EXERCISE PROMPT >>
Your answer should consist only of the line with "if s[i]=s[i-1]then begin" and the lines after it, reproduced exactly through the end of the entries below.

=== Begin Enclosure ===

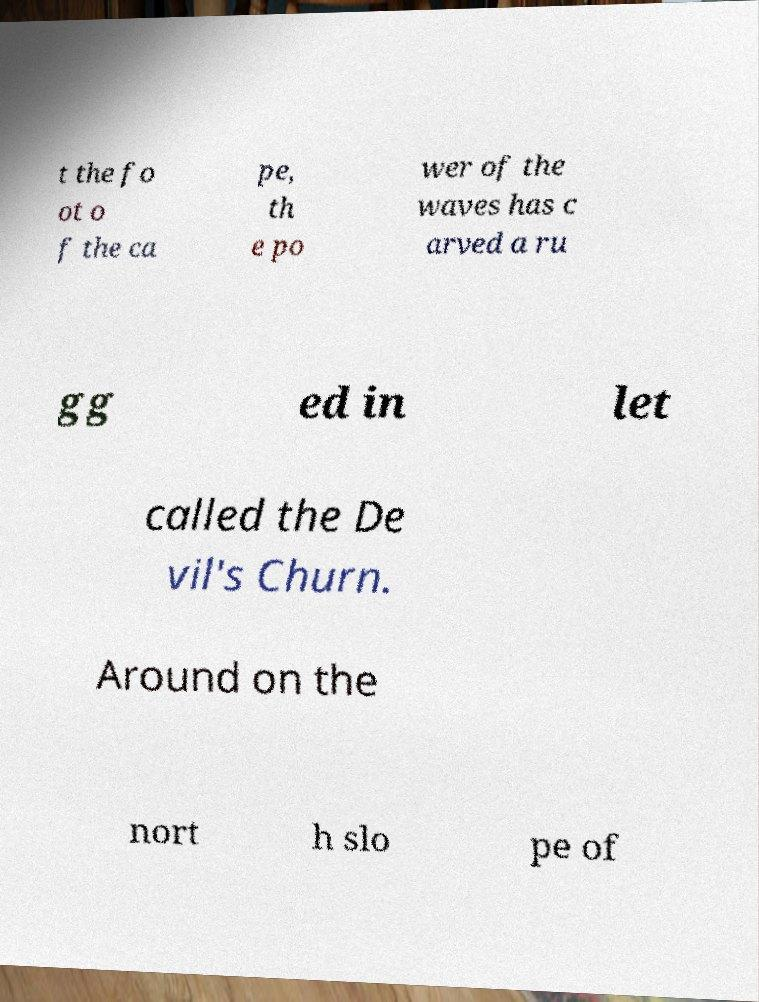There's text embedded in this image that I need extracted. Can you transcribe it verbatim? t the fo ot o f the ca pe, th e po wer of the waves has c arved a ru gg ed in let called the De vil's Churn. Around on the nort h slo pe of 
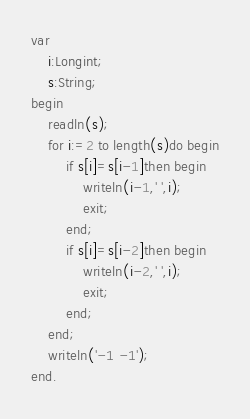<code> <loc_0><loc_0><loc_500><loc_500><_Pascal_>var
	i:Longint;
	s:String;
begin
	readln(s);
	for i:=2 to length(s)do begin
		if s[i]=s[i-1]then begin
			writeln(i-1,' ',i);
			exit;
		end;
		if s[i]=s[i-2]then begin
			writeln(i-2,' ',i);
			exit;
		end;
	end;
	writeln('-1 -1');
end.
</code>

=== End Enclosure ===

EXERCISE OUTPUT >>
		if s[i]=s[i-1]then begin
			writeln(i-1,' ',i);
			exit;
		end;
		if s[i]=s[i-2]then begin
			writeln(i-2,' ',i);
			exit;
		end;
	end;
	writeln('-1 -1');
end.
</code>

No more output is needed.